2. Install the required Python packages:
```bash
pip install -r requirements.txt
```

3. Set up the Qdrant service using Docker:
```bash
docker-compose up -d
```

## Configuration
Configure your environment variables by creating a `.env` file in the project root. Use the provided `example.env` as a template:
```bash
cp example.env .env
```
Fill in your API keys and other necessary details in the `.env` file:
- `OPENAI_API_KEY`
- `GOOGLE_API_KEY`
- `GOOGLE_CX`
- `BING_SUBSCRIPTION_KEY`

## Getting API Keys

### OpenAI API Key
1. Sign up or log in to your [OpenAI account](https://www.openai.com/).
2. Go to the API section and generate a new API key.
3. Copy the API key and add it to the `OPENAI_API_KEY` field in your `.env` file.

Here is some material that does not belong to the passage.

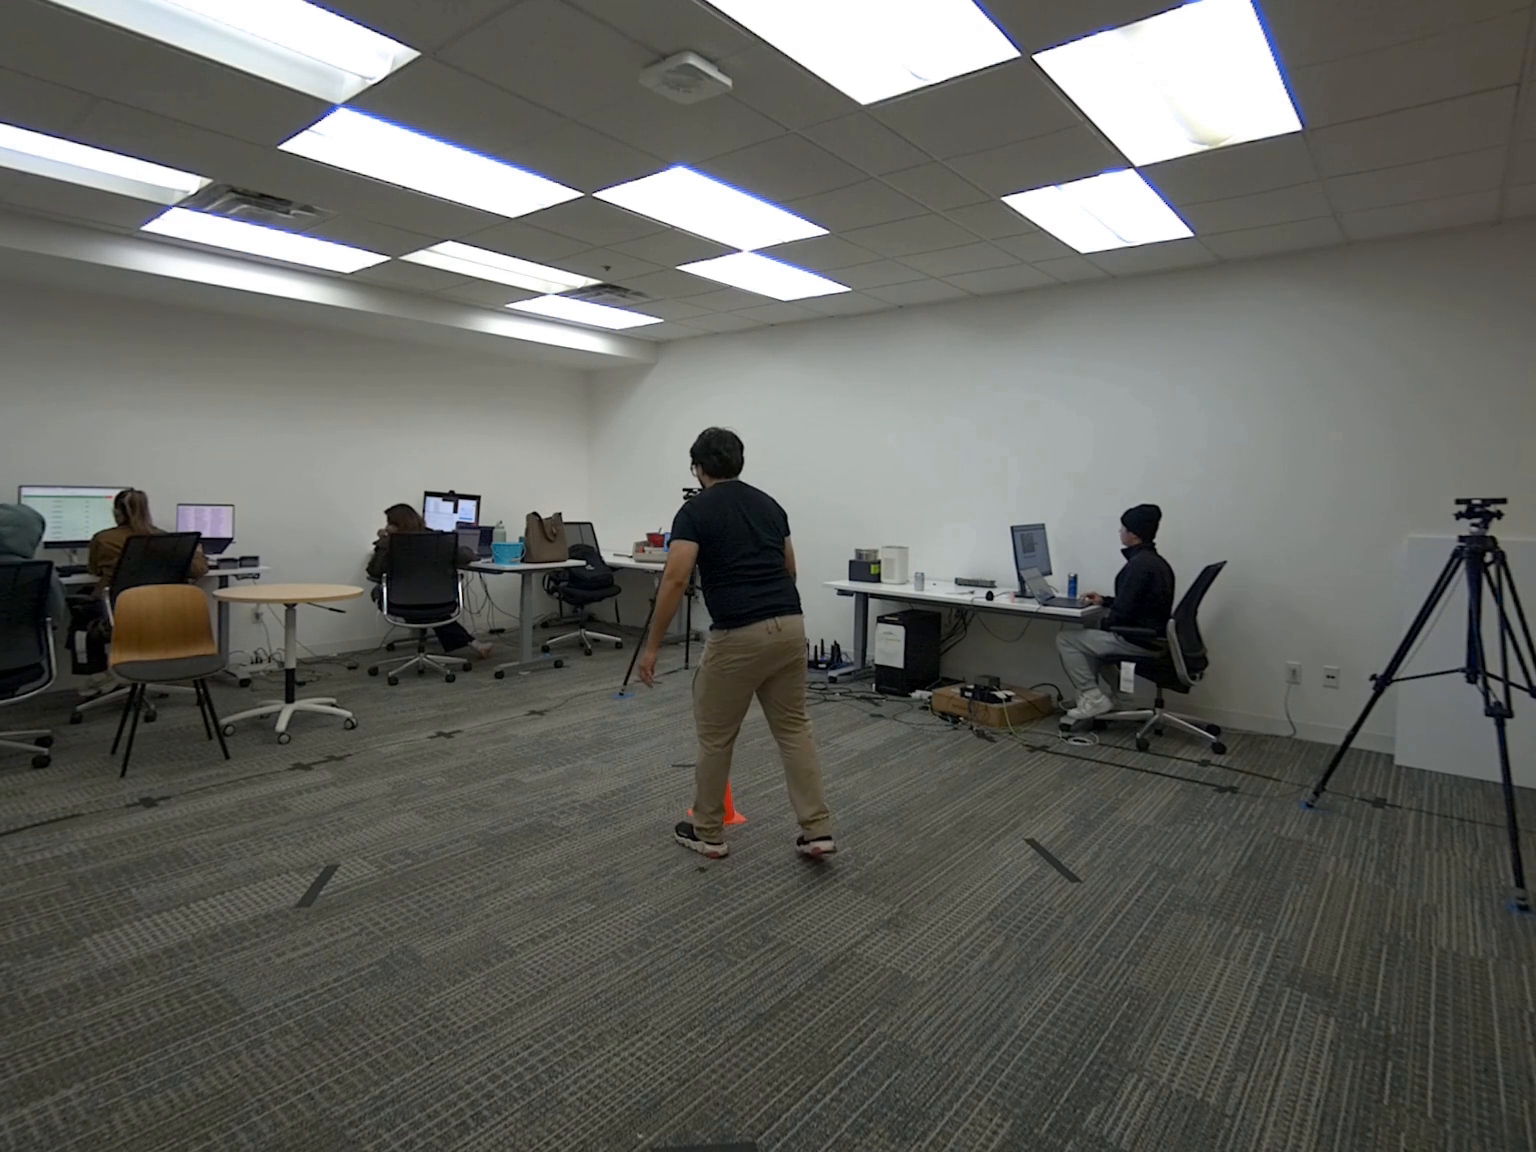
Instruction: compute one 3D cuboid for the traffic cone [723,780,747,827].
[{"bbox_3d":[-0.227,0.832,3.618,0.198,0.382,0.210,0,4,-25],"label":"traffic cone"}]
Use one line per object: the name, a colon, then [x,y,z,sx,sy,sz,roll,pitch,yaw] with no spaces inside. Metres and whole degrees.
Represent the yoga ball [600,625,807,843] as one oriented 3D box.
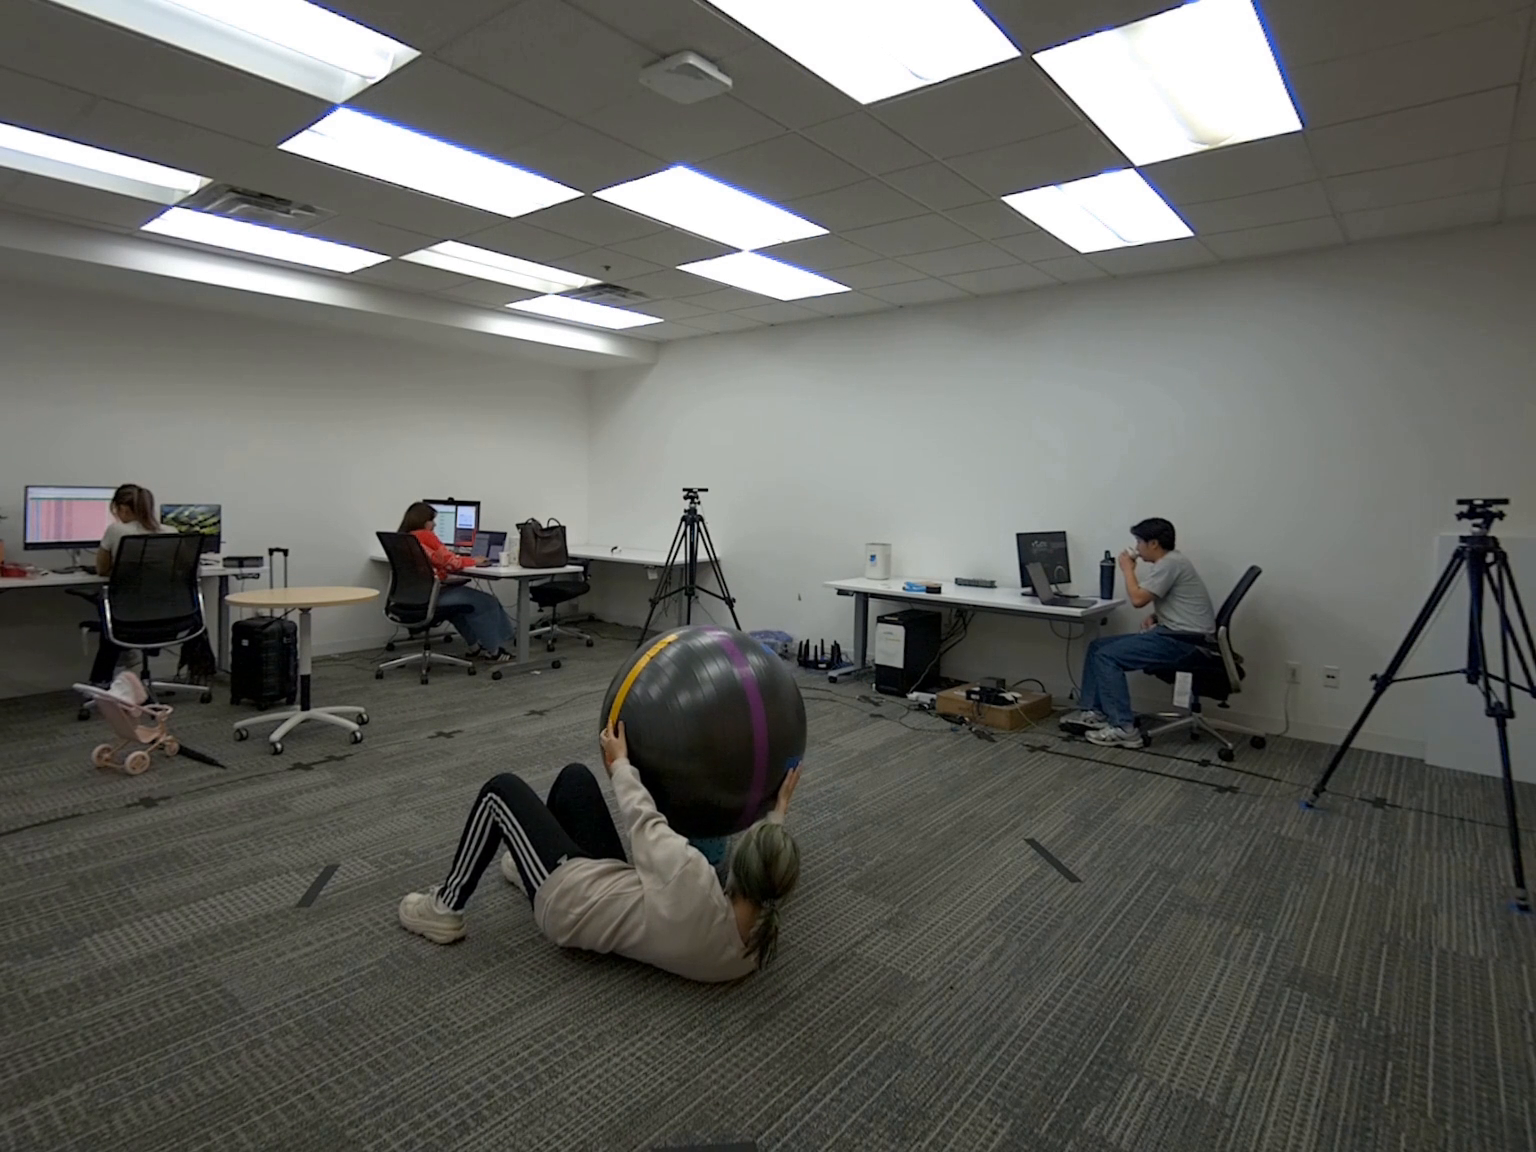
yoga ball: [-0.246,0.553,3.102,0.757,0.755,0.762,1,4,-2]

### Google Custom Search API Key and CX
1. Go to the [Google Cloud Console](https://console.cloud.google.com/).
2. Create a new project or select an existing project.
3. Enable the Custom Search API in the API & Services library.
4. Go to the [Credentials](https://console.cloud.google.com/apis/credentials) page and create an API key.
5. Copy the API key and add it to the `GOOGLE_API_KEY` field in your `.env` file.
6. To get the Custom Search Engine (CX) ID, go to the [Custom Search Engine](https://cse.google.com/cse/) page.
7. Create a new search engine or select an existing one.
8. Copy the Search Engine ID (CX) and add it to the `GOOGLE_CX` field in your `.env` file.

### Bing Search API Key
1. Sign up or log in to your [Microsoft Azure account](https://azure.microsoft.com/).
2. Create a new Azure resource for Bing Search v7.
3. Go to the Keys and Endpoint section to find your API key.
4. Copy the API key and add it to the `BING_SUBSCRIPTION_KEY` field in your `.env` file.

### Gmail API Key
1. Go to the [Google Cloud Console](https://console.cloud.google.com/).
2. Create a new project or select an existing project.
3. Enable the Gmail API in the API & Services library.
4. Go to the [Credentials](https://console.cloud.google.com/apis/credentials) page and create OAuth 2.0 credentials.
5. Download the credentials file and save it as `credentials.json` in the project root.

## Usage
Run the PyPlexitas script with your query:
```bash
python PyPlexitas.py -q "Your search query" -s 10 --engine bing
```
Options:
- `-q, --query`: Search query (required)
- `--llm-query`: Optional LLM query for answering (defaults to the search query)
- `-s, --search`: Number of search results to parse (default: 10)
- `--engine`: Search engine to use (`bing`, `google`, or `gmail`, default: `bing`)
- `-l, --log-level`: Set the logging level (`DEBUG`, `INFO`, `WARNING`, `ERROR`, `CRITICAL`, default: `ERROR`)
- `-t, --max-tokens`: Maximum token limit for model input (default: 16000)
- `--quiet`: Suppress print messages

## Project Structure
- `PyPlexitas.py`: Main script for running the application.
- `example.env`: Example configuration file for environment variables.
- `docker-compose.yml`: Docker Compose configuration for Qdrant.
- `requirements.txt`: List of required Python packages.
- `README.md`: Project documentation.

## Contributing
Contributions are welcome! Please fork the repository and submit a pull request for any improvements or bug fixes.

## License
This project is licensed under the GPL 3.0 License. See the [LICENSE](LICENSE) file for details.